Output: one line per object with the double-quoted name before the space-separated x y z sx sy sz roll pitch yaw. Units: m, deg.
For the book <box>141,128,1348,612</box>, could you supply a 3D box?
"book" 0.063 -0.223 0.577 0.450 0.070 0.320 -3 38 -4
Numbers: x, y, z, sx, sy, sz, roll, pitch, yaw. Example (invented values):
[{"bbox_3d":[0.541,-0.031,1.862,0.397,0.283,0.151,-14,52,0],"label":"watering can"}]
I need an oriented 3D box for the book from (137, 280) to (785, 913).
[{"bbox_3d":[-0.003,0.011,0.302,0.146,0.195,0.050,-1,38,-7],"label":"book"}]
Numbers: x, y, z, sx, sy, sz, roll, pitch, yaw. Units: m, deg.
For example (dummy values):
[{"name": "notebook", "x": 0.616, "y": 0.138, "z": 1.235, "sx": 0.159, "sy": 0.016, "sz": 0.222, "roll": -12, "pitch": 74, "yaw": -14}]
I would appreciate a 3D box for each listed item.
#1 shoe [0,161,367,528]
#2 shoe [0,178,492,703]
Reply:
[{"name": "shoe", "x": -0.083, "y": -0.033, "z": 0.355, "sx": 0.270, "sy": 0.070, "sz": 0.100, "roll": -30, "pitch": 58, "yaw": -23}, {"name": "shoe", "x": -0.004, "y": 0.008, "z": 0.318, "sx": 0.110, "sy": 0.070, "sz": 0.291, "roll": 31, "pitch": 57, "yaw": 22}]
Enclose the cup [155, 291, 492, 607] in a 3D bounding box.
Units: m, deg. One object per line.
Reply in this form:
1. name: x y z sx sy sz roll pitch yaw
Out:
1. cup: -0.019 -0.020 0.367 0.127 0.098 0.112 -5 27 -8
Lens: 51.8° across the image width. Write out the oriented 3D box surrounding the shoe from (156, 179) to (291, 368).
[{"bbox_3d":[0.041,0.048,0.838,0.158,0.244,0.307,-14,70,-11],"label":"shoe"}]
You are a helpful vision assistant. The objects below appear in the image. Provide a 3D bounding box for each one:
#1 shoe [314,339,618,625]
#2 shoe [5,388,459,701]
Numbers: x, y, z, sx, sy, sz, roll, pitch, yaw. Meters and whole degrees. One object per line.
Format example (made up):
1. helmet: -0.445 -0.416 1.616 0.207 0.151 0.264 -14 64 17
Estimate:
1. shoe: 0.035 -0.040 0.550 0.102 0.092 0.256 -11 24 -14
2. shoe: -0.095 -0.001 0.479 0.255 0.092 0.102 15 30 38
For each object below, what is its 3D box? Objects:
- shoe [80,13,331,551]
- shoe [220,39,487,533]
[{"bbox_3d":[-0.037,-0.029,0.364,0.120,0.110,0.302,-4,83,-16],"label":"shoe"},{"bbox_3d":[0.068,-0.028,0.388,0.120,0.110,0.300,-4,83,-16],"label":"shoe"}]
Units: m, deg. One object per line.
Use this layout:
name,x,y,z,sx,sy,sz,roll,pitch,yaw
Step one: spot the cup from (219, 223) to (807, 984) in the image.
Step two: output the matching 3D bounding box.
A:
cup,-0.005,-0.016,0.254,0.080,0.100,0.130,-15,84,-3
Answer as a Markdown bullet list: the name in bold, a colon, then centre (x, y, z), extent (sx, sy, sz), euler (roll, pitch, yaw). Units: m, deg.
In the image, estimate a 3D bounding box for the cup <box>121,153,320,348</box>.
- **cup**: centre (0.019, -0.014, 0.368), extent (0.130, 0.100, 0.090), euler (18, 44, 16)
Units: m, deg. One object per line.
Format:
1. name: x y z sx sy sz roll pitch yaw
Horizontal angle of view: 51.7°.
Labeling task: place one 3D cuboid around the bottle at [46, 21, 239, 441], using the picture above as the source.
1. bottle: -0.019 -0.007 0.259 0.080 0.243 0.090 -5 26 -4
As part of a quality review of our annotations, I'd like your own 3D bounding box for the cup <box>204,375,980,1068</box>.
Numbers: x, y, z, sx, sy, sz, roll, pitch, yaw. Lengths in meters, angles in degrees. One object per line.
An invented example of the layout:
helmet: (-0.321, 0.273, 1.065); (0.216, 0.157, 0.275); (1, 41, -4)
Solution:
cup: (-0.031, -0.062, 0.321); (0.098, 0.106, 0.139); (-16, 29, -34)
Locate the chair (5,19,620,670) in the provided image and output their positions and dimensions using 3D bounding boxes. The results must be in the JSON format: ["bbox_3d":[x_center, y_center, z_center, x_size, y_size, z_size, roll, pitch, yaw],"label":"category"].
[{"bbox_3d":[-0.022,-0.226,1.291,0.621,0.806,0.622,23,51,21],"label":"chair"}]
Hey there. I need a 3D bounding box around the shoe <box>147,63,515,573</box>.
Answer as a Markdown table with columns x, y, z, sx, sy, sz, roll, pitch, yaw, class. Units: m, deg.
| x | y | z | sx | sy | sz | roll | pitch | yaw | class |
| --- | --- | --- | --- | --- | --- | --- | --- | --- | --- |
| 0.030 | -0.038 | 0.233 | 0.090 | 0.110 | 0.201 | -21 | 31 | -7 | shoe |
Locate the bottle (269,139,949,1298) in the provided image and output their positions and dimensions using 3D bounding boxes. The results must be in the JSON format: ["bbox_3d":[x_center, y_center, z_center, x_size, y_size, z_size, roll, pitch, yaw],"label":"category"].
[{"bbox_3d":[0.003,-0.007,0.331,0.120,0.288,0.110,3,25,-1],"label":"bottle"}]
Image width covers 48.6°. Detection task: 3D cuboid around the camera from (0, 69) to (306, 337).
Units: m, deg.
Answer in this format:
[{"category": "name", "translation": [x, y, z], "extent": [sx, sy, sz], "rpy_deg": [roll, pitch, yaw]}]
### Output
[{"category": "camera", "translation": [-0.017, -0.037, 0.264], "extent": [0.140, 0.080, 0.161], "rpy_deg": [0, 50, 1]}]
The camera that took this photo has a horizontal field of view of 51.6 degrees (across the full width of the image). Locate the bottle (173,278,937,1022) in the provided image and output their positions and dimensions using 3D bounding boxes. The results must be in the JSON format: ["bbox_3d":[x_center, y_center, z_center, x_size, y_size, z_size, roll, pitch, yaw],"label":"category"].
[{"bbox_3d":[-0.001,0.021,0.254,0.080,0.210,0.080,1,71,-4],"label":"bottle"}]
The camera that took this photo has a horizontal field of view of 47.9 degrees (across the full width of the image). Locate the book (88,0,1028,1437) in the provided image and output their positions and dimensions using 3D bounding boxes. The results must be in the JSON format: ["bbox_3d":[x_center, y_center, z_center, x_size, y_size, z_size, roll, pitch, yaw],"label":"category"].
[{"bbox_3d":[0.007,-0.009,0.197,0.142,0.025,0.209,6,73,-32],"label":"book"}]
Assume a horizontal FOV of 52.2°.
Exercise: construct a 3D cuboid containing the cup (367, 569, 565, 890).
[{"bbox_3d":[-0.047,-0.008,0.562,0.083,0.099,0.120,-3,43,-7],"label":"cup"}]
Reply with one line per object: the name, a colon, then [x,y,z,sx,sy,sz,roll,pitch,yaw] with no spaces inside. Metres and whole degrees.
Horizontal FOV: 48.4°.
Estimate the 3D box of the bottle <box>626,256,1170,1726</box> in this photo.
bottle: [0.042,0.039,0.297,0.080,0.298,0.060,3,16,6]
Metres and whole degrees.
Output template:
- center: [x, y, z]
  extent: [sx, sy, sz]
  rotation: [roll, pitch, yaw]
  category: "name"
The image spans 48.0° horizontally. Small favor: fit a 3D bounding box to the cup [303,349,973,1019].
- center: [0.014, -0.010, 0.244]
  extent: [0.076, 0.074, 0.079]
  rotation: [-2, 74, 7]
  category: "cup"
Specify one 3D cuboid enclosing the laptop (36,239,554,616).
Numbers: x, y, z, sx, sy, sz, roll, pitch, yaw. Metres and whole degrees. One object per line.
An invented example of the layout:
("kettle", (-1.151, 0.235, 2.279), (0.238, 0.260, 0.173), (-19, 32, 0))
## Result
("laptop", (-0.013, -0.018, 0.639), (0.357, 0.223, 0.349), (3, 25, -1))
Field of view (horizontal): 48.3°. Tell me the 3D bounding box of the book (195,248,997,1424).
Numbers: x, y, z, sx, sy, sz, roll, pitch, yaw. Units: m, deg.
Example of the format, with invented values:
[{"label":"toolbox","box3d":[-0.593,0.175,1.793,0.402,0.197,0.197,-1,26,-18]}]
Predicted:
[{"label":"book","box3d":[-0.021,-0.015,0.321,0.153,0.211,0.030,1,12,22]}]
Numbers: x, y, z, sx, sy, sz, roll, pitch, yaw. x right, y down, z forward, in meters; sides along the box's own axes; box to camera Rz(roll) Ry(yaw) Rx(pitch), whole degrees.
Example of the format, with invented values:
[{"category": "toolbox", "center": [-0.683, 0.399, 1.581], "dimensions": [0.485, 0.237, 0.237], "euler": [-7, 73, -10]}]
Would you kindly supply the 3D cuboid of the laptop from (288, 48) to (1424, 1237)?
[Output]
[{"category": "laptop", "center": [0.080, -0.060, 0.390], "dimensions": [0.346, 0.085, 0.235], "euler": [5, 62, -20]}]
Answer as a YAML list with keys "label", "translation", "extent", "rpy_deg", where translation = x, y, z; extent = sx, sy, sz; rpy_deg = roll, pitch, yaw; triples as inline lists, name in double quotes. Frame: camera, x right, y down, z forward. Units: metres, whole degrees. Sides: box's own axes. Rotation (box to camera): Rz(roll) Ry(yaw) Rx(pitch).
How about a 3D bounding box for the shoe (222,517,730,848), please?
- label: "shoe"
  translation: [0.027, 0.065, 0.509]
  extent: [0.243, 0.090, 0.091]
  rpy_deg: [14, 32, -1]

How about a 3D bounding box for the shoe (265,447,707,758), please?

......

Required action:
Would you quote everything above from the line containing "#1 shoe [0,161,367,528]" down to the line containing "Answer as a Markdown bullet"? Include both of those lines and nothing else.

Response area:
#1 shoe [0,161,367,528]
#2 shoe [0,178,492,703]
Reply:
[{"name": "shoe", "x": -0.083, "y": -0.033, "z": 0.355, "sx": 0.270, "sy": 0.070, "sz": 0.100, "roll": -30, "pitch": 58, "yaw": -23}, {"name": "shoe", "x": -0.004, "y": 0.008, "z": 0.318, "sx": 0.110, "sy": 0.070, "sz": 0.291, "roll": 31, "pitch": 57, "yaw": 22}]
Enclose the cup [155, 291, 492, 607] in a 3D bounding box.
Units: m, deg. One object per line.
Reply in this form:
1. name: x y z sx sy sz roll pitch yaw
Out:
1. cup: -0.019 -0.020 0.367 0.127 0.098 0.112 -5 27 -8
Lens: 51.8° across the image width. Write out the oriented 3D box surrounding the shoe from (156, 179) to (291, 368).
[{"bbox_3d":[0.041,0.048,0.838,0.158,0.244,0.307,-14,70,-11],"label":"shoe"}]
You are a helpful vision assistant. The objects below appear in the image. Provide a 3D bounding box for each one:
#1 shoe [314,339,618,625]
#2 shoe [5,388,459,701]
Numbers: x, y, z, sx, sy, sz, roll, pitch, yaw. Meters and whole degrees. One object per line.
Format example (made up):
1. helmet: -0.445 -0.416 1.616 0.207 0.151 0.264 -14 64 17
Estimate:
1. shoe: 0.035 -0.040 0.550 0.102 0.092 0.256 -11 24 -14
2. shoe: -0.095 -0.001 0.479 0.255 0.092 0.102 15 30 38
For each object below, what is its 3D box? Objects:
- shoe [80,13,331,551]
- shoe [220,39,487,533]
[{"bbox_3d":[-0.037,-0.029,0.364,0.120,0.110,0.302,-4,83,-16],"label":"shoe"},{"bbox_3d":[0.068,-0.028,0.388,0.120,0.110,0.300,-4,83,-16],"label":"shoe"}]
Units: m, deg. One object per line.
Use this layout:
name,x,y,z,sx,sy,sz,roll,pitch,yaw
Step one: spot the cup from (219, 223) to (807, 984) in the image.
Step two: output the matching 3D bounding box.
A:
cup,-0.005,-0.016,0.254,0.080,0.100,0.130,-15,84,-3
Answer as a Markdown bullet list: the name in bold, a colon, then centre (x, y, z), extent (sx, sy, sz), euler (roll, pitch, yaw). Units: m, deg.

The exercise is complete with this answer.